Beefy Boxes and Bandwidth Generously Provided by pair Networks
Think about Loose Coupling

Re^2: key value in text format

by pwagyi (Monk)
on Nov 06, 2019 at 06:35 UTC ( [id://11108351] : note . print w/replies, xml ) Need Help??

in reply to Re: key value in text format
in thread key value in text format

Yes, it sounds great. SQLite is quite lightweight too. Just to clarify, records data are only textual (numeric/string) only. But how would Relational DB like SQlite address potential sparse key -value pair ??

Replies are listed 'Best First'.
Re^3: key value in text format
by Corion (Patriarch) on Nov 06, 2019 at 08:40 UTC

    I think ideally you will model your (composite) key as separate columns. Then you can query either all key columns or just a subset of them.

    If you want to keep things simple, keep the optional key-value pairs at the end as a single string. If you want to also query them, an approach a slight step better is to format and store them as JSON. Then you can query them in the database almost as if they were additional columns. The ideal way is to convert these optional things either into a fixed set of additional columns or add another table that consists of three columns, (row-key, keyname, value). But doing that makes the queries somewhat more ugly.

      As long as there were no security concerns, another table could store sparse records from a number of the databases.

      Providing a primary key of the filename, along with the three columns Corion already suggested. The records db would then hold a sparse column with a boolean value denoting the record is held on that db. Checking the boolean value and retrieving from the other table when requiring the sparse values.

      Another approach that has just occured to me, of the ugly variety, with additional overhead, may be to hash the filenames before entering them onto the database. The first row primary key being the filename itself hashed, with the secondary row being the filename concatenated with for example, the term 'sparse' before being hashed. Already I can feel the glares.

      The issues with this would be losing the key information, you would necessarily need to know beforehand the key values of sparse data. Using an additional table to denote the keys could be a solution. At this stage it would then be a matter of performance requirements, size of records and whether there is any advantage of having relatively few empty record rows with additional tables denoting keys for each db, along with the requirement to hash/dehash, versus additional mostly empty column(s).

      Likely the better solution is to serialise in such a format as JSON to keep the db contained. But at this point would you not just store the whole optional hash record as a JSON blob anyway, meaning there would only need be the one additional column.
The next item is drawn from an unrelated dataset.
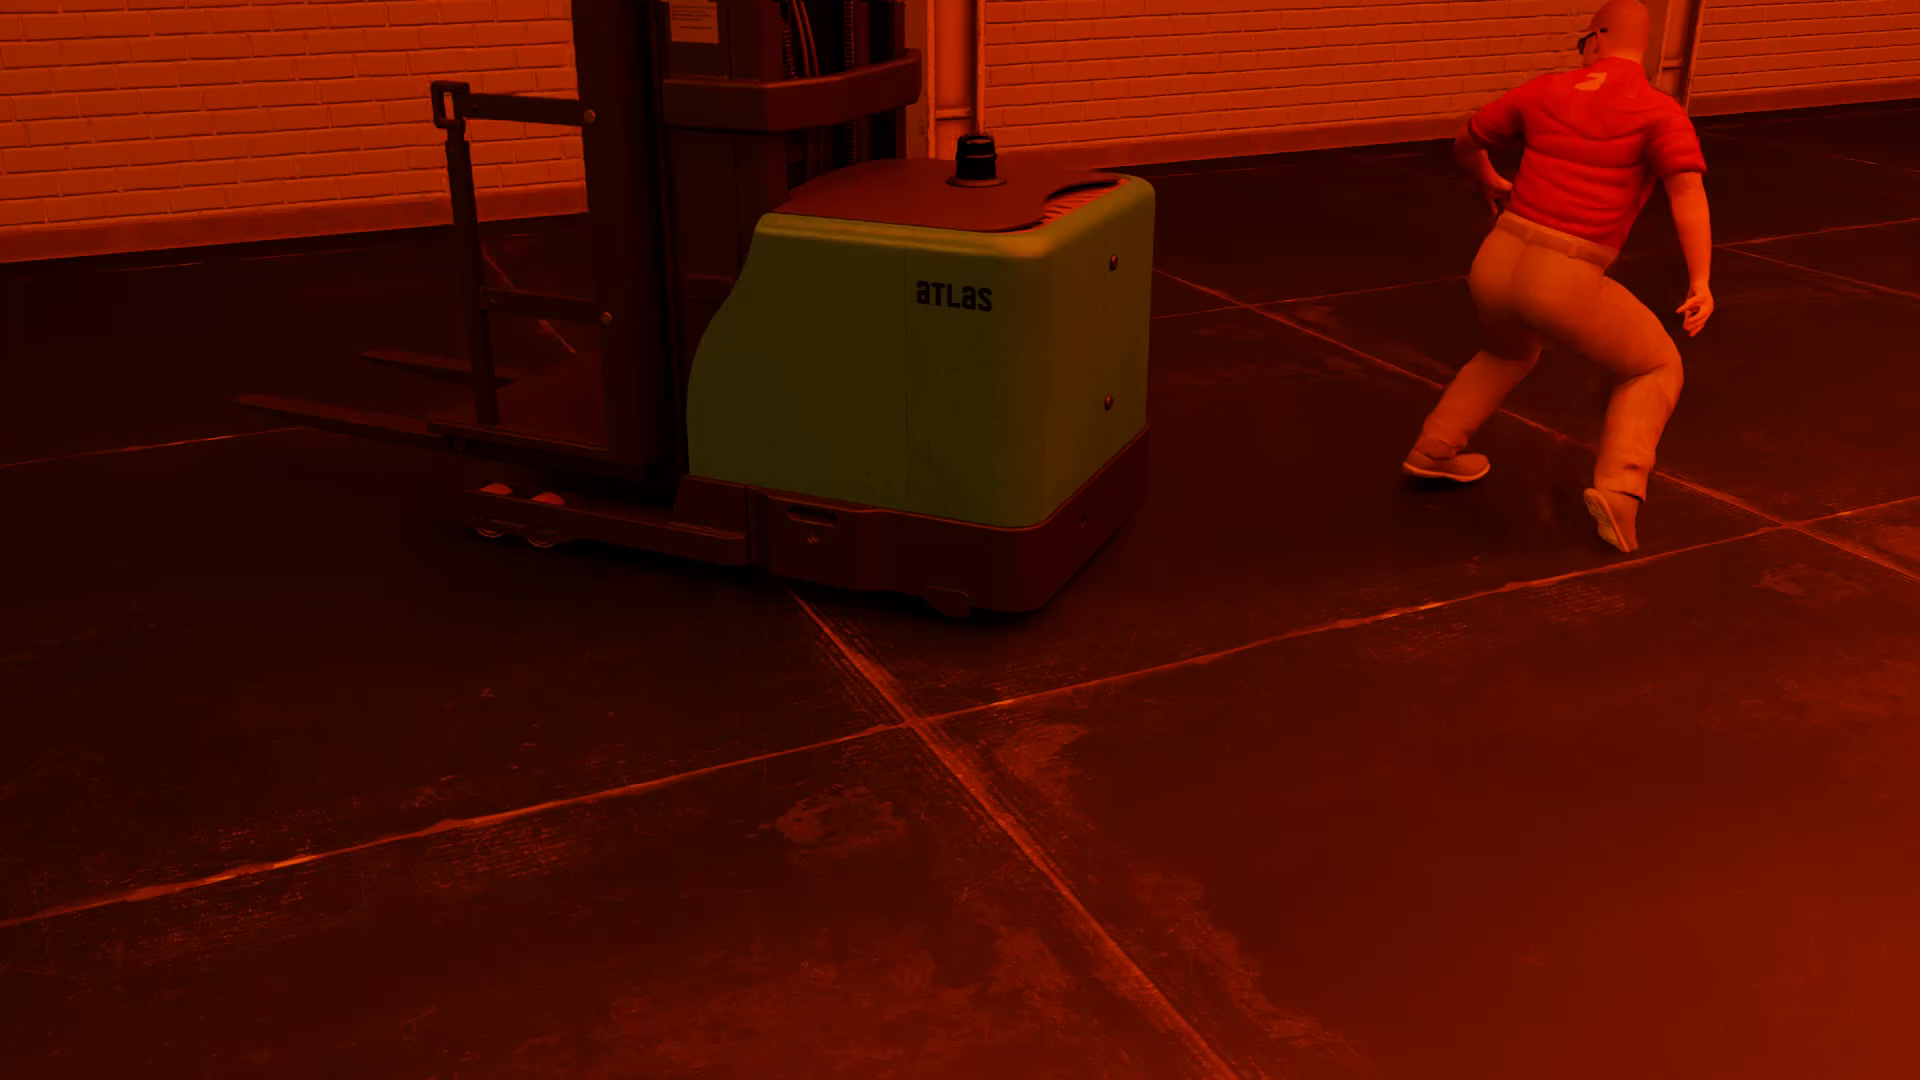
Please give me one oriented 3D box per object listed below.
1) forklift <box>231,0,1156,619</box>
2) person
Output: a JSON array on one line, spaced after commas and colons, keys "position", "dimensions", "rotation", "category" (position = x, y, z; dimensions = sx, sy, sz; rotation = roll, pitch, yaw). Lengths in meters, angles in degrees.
[{"position": [-0.973, -1.501, 4.900], "dimensions": [3.031, 2.935, 1.130], "rotation": [10, 25, 22], "category": "forklift"}, {"position": [1.896, -0.766, 5.061], "dimensions": [0.549, 1.662, 1.028], "rotation": [-16, 28, -34], "category": "person"}]
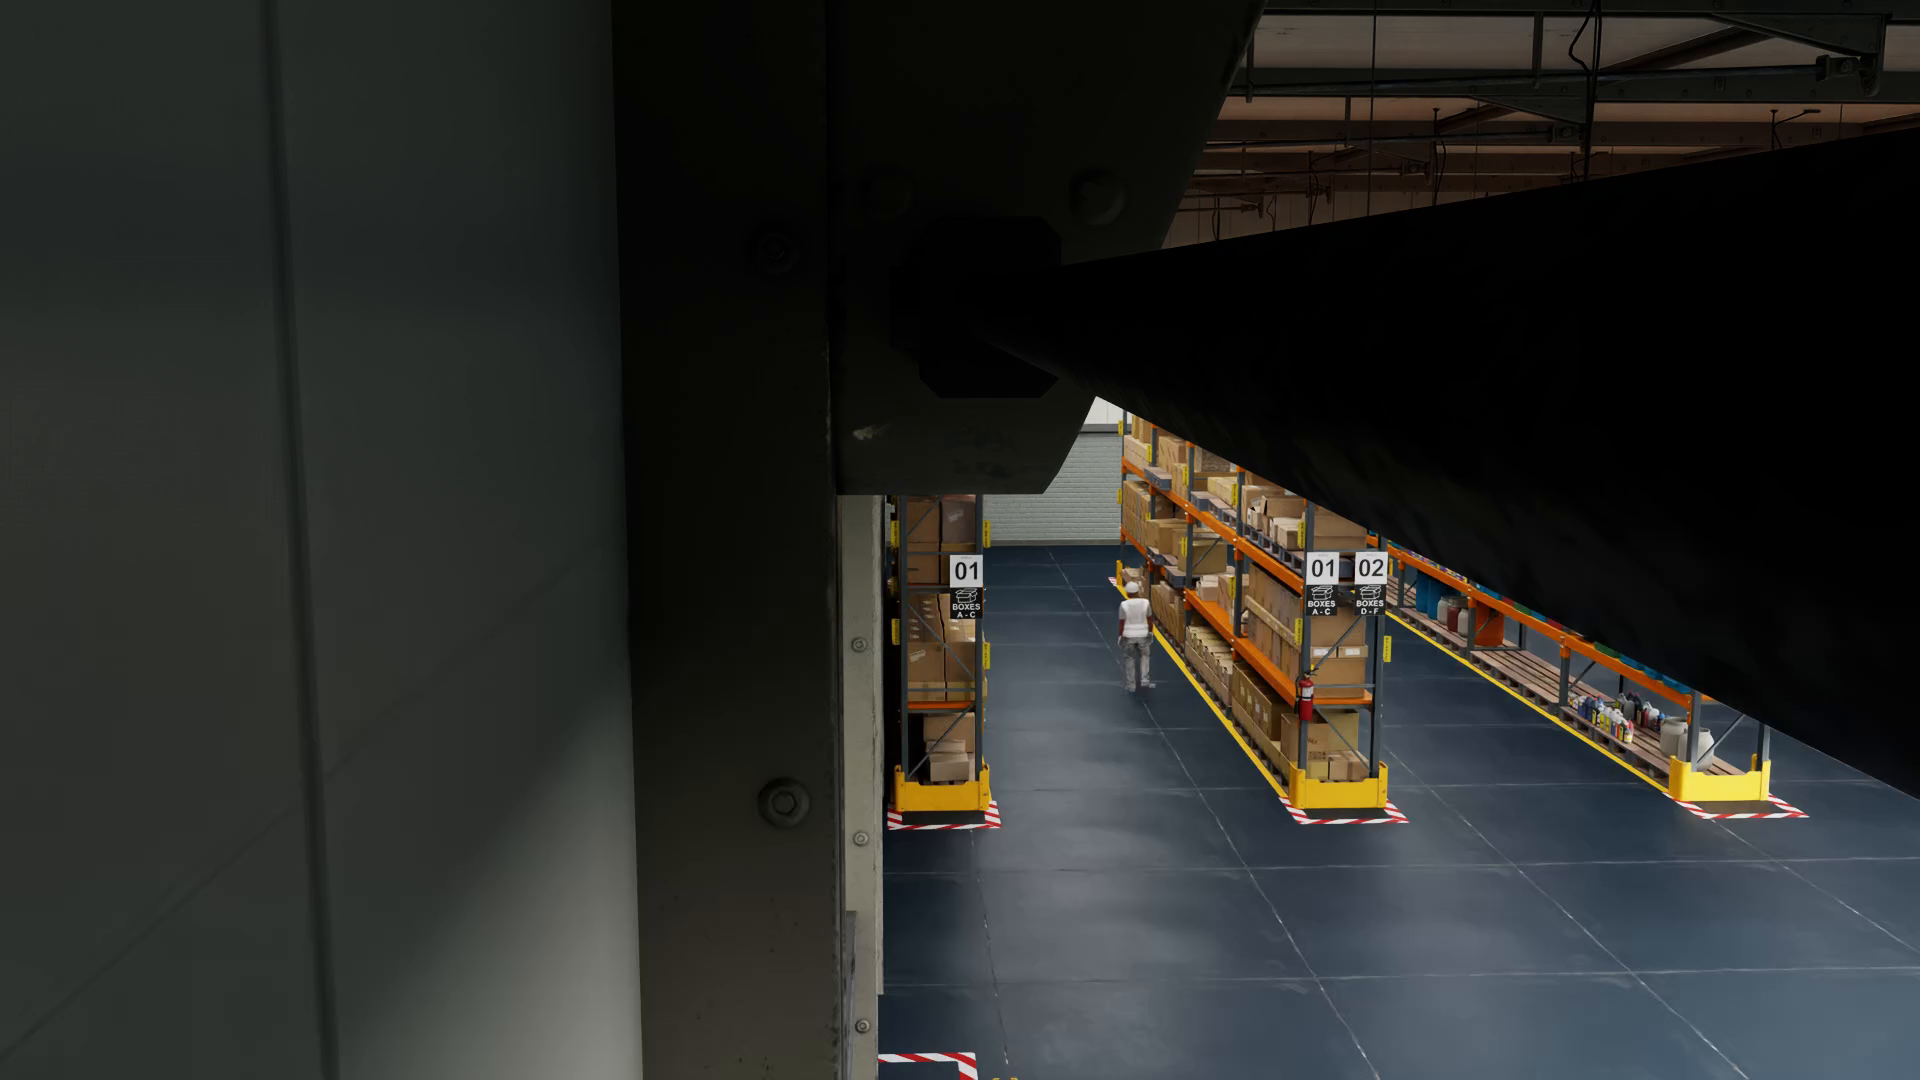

      On reflection, this is a partial conversion of the binary data, but for this kind of mixed data there is more than one step needed.

Re^3: key value in text format
by The_Dj (Sexton) on Nov 06, 2019 at 15:34 UTC
    I second SQlite. I use it a lot, and if your dataset is big(ish), you don't want to be parsing flat files for every lookup.

    How you store this depends on just how many [ key1=value1, key2=value2] there are.
    If there is a fixed list of 'key1','key2' and it's not too many: bite the bullet and add the columns.

    Otherwise, you get to use a link (This is Database 101. search for 'database normalization')

    each record should be
    [id], field1, field2

    then in a separate table
    [link_id], key1, value1 [link_id], key2, value2

    You can also have a 3rd table with
    [link_id], source_file_name
    or whatever other metadata you need to keep.

    SQLite very kindly has a magic ROWID column. It wont' return it on SELECT *, but will on SELECT ROWID,*.
    Of course you get to do two queries for each lookup: SELECT ROWID,* FROM main_data and then SELECT * FROM extra_data WHERE link_id = ?


    TO clarify: if your 'real' data is
    name=bob, age=75, [ hair=balding, glasses=bifocal] name=john, age=20, [ sport=chess ]

    Then you get:
    Primary table:
    1, bob, 45 2, john, 20

    lookup table:
    1,hair,balding 1,glasses,bifocal 2,sport,chess

      The link method to handle key/value pair is a good idea. but I think I might just go with JSON (column) for all key/value pairs. What is the trade-off between the two approaches?


        using a linked table, you can do
        SELECT * FROM main_data WHERE ROWID IN ( SELECT link_id FROM extra_data WHERE key1 = ? AND value1 LIKE ? )

        Consider also:
        do you want to put a storage method (JSON) inside a different storage method (SQL)?